Dans son passage, Juliette Binoche assure, son ton est impec. Par contre, la prestation de Sarah Gadon ne paraît pas très convainquante. Sarah Gadon (ex-Emma Jung, refilée au fils Cronenberg pour Antiviral) s'avère un bon choix, en riche blonde indifférente bien-pensante. Au-delà, il ne suffit pas d'agiter trois guns pour (r)éveiller l'attention des spectateurs. Un ennui certain pèse jusqu'à la moitié: il faut tenir. Lors de la scène longuette chez le vieux coiffeur et son blabla incessant, le spectateur ne sera pas le seul à vouloir partir... La convivialité insignifiante des petites gens n'est-elle pas devenu insupportable lorsque la disparition du pouvoir qui permettait de s'y complaire orgueilleusement dévoile sa propre nullité? Malgré tout, la construction du film se tient. Ce qui vient de l'extérieur (dont s'est nourrie la B-A, manifestement trompeuse), c'est l'espace de la perturbation. Dès lors qu'on se retrouve à l'abri, que ce soit dans le huit-clos de la limousine high-tech, dans la bibliothèque, dans la discothèque, au salon de coiffure ou encore dans une chambre en bonne compagnie, la logique capitaliste semble protégée, sauvée par les univers factices, construits pour rassurer. La grande fabrique d'irréalité autorise des incursions d'allure surréaliste.

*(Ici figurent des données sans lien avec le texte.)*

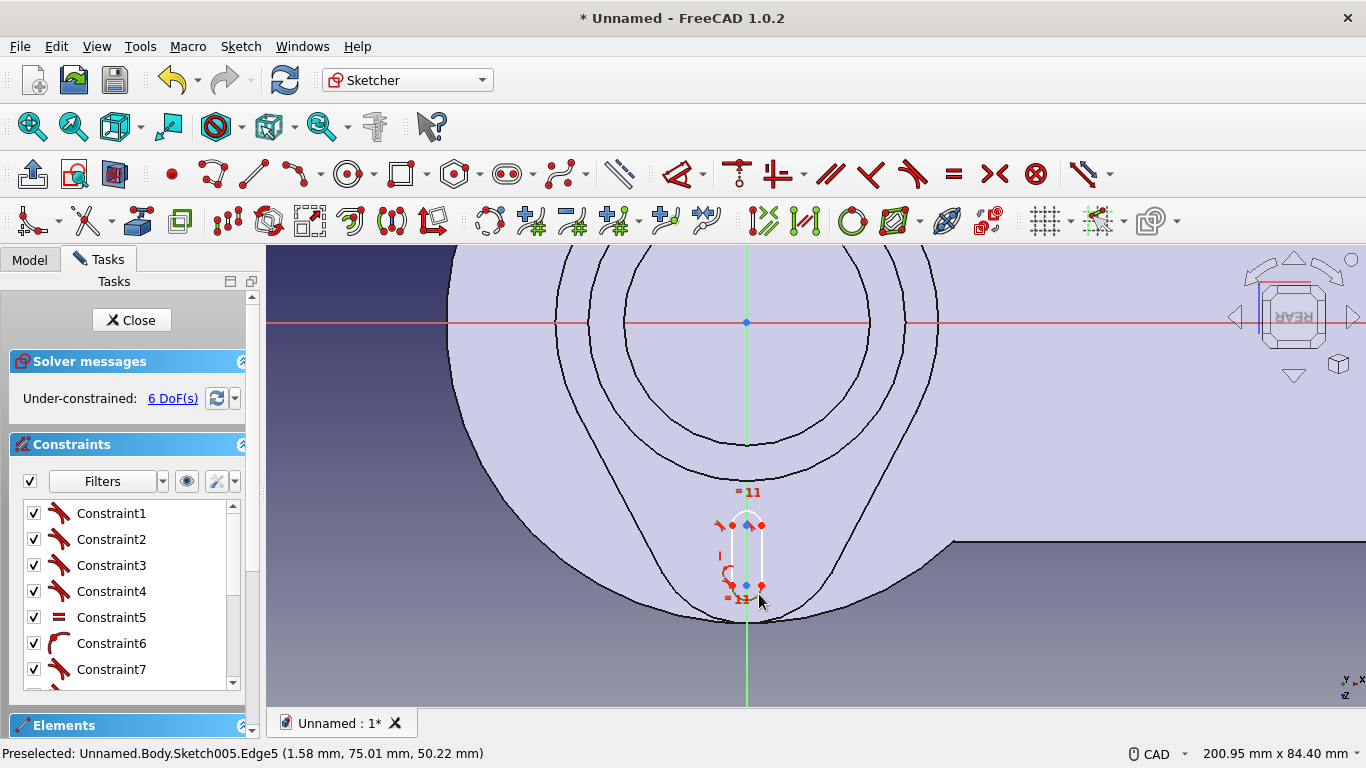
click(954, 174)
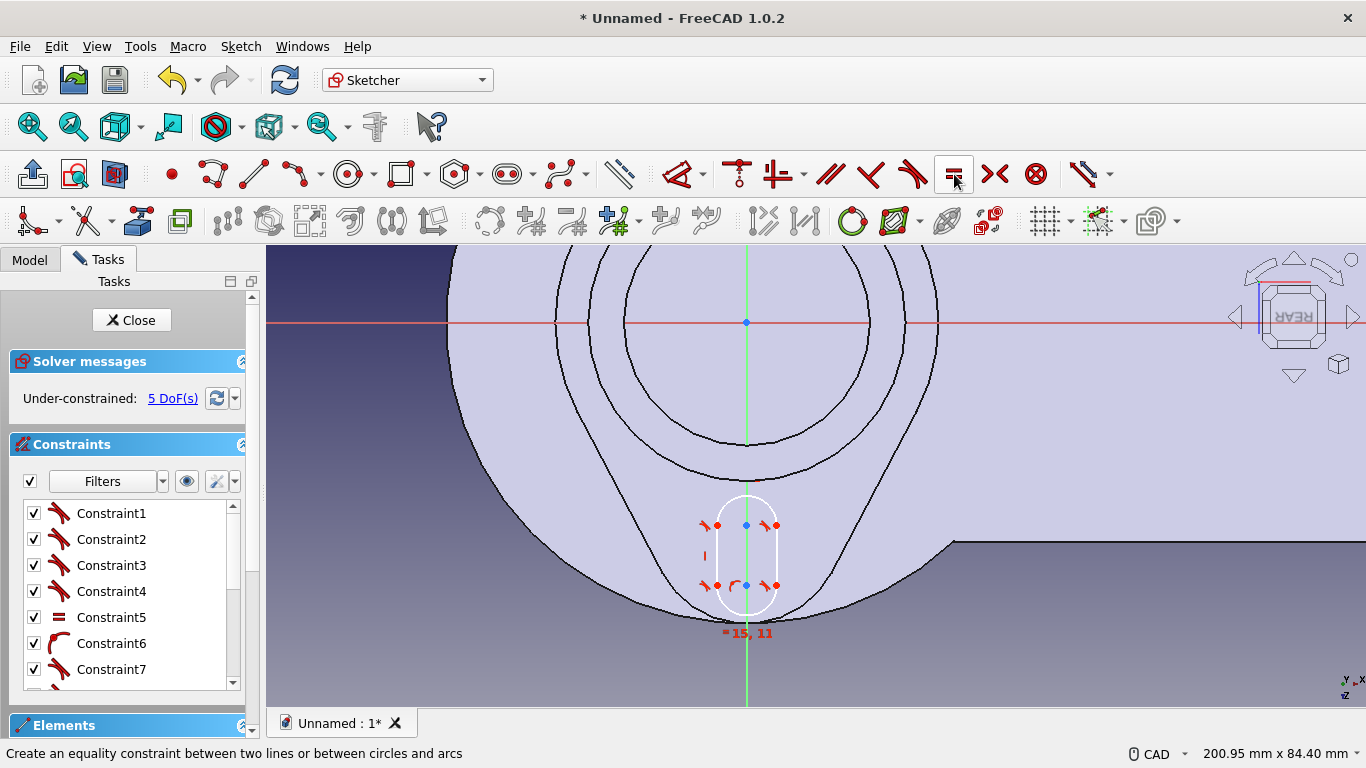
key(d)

Par exemple, on nous balance rapidement sur un écran l'attentat dans un show TV contre la personne dirigeant le FMI: shocking certes mais aussi mal amené et peu crédible.

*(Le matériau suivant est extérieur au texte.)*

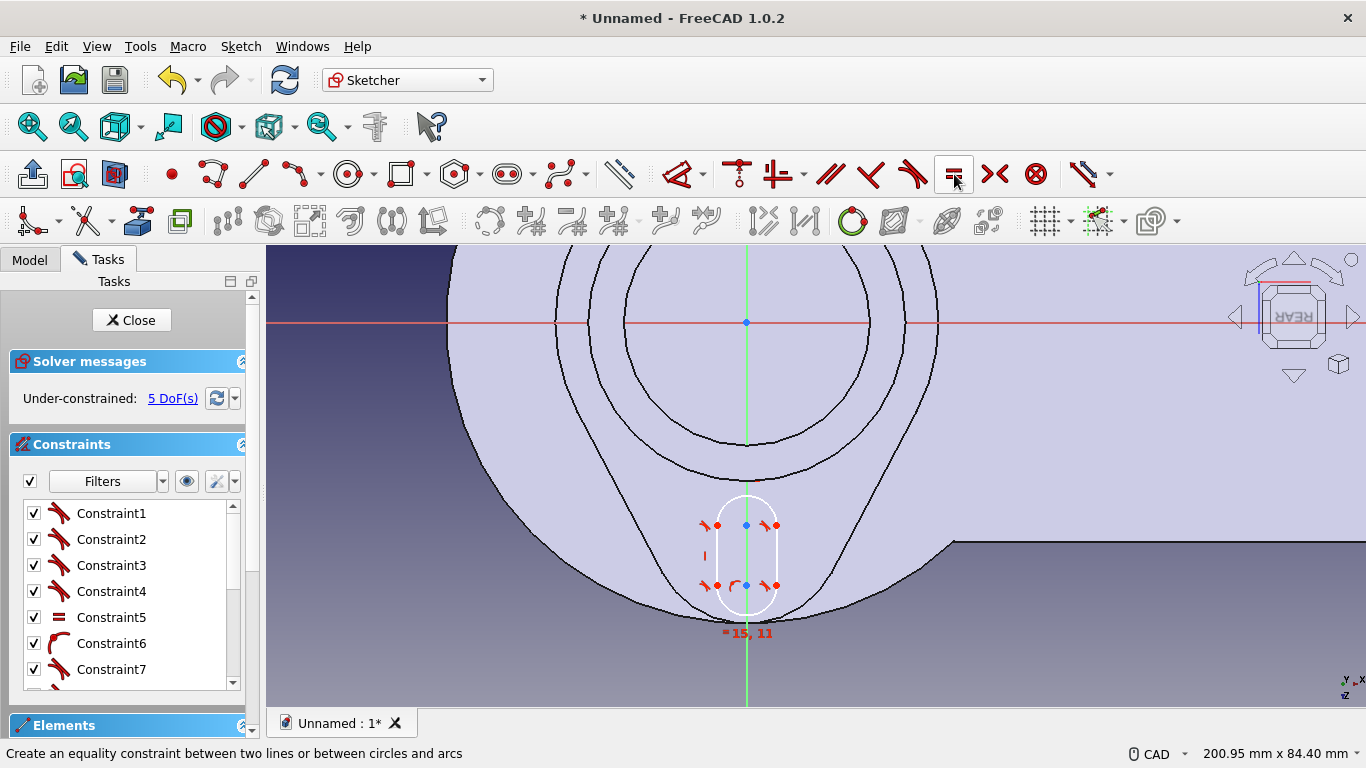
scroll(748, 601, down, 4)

En même temps, qu'y a-t-il de plus difficile à croire, quand tout s'effondre? Bref, COSMOPOLIS brosse, à la manière d'un théâtre de marionnettes, le portrait d'une chute et il fait nous poser des questions sur le pourquoi de la dictature du capitalisme: Cronenberg y dévoile une dimension christique. Les pauvres ont tenu jusqu'au bout, jusqu'au bout nonobstant leur haine, leur révolte, ils ont supporté, car ils quêtaient leur survie...
Or le «sauveur» ne les a pas entendus et, pire, plutôt que de reconnaître ses tords, il s'est lui-même crucifié. Et Paul Giamatti de jouer le bougre castré revanchard.

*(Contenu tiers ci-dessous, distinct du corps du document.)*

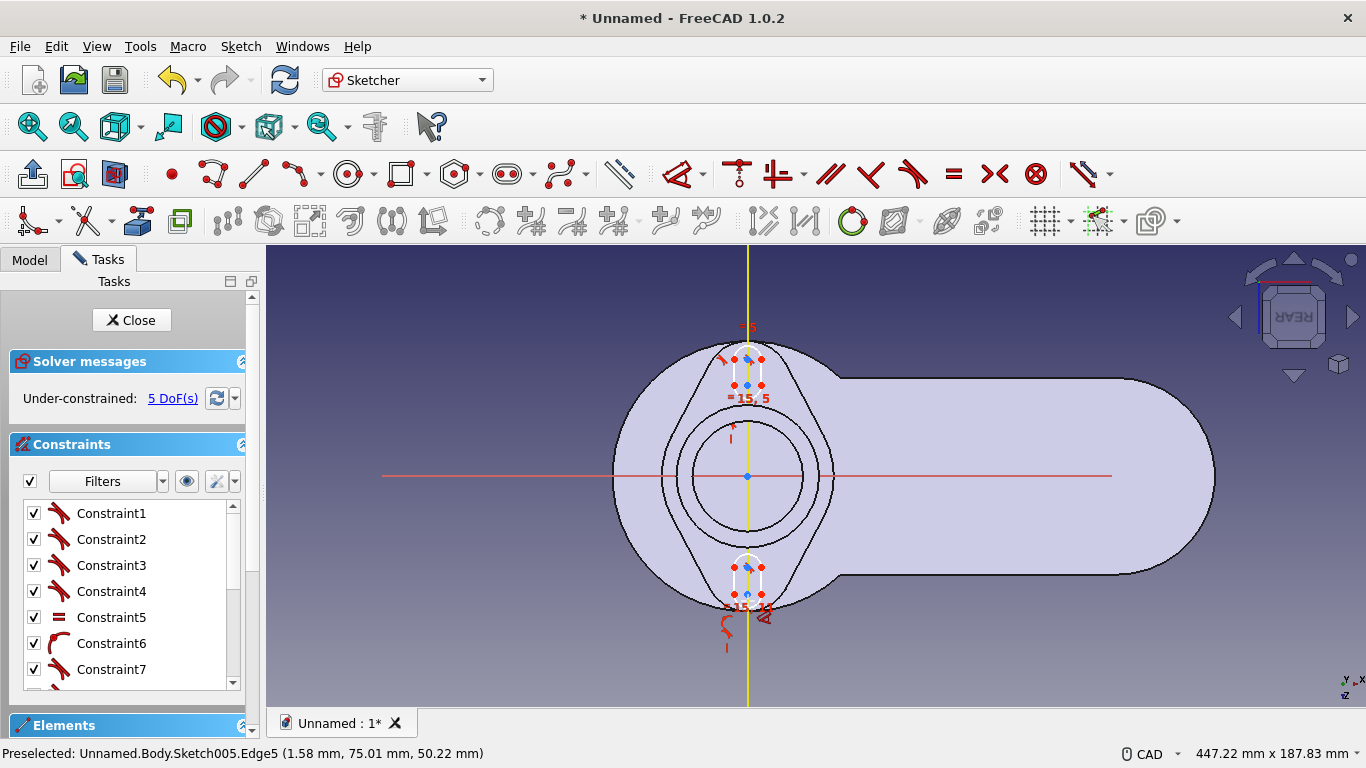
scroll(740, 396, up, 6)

Ainsi, COSMOPOLIS se fait œuvre métaphorique visionnaire en nous montrant l'horreur de l'esprit économiciste qui absorbe la planète mais en dévoilant en outre son caractère profondément sado-masochiste. On en regrette l'aspect trop déconnecté (malgré l'idée afférente), la haute cérébralité qui la fonde, bref une espèce de philosophie mal ficelée, une démonstration qui sent trop la théorie, aggravée par un manque d'envergure (tel l'absence de discours sur la toxicité du système productiviste ou sur les divers aspects addictifs du capitalisme). Magnifique "Long To Live" de Metric, en écho à l'esprit apocalyptique d'évanouissement, en générique de fin. Globalement étouffante et sinistre, cette illustration prophétique du capitalisme (autre version du machisme) comme aliénation ironique tient tout à fait la route; cependant elle manque d'humour, de dynamisme et relève trop d'un intellectualisme calculé. Un film de commande, un sujet à revoir, néanmoins glaçant et atypique.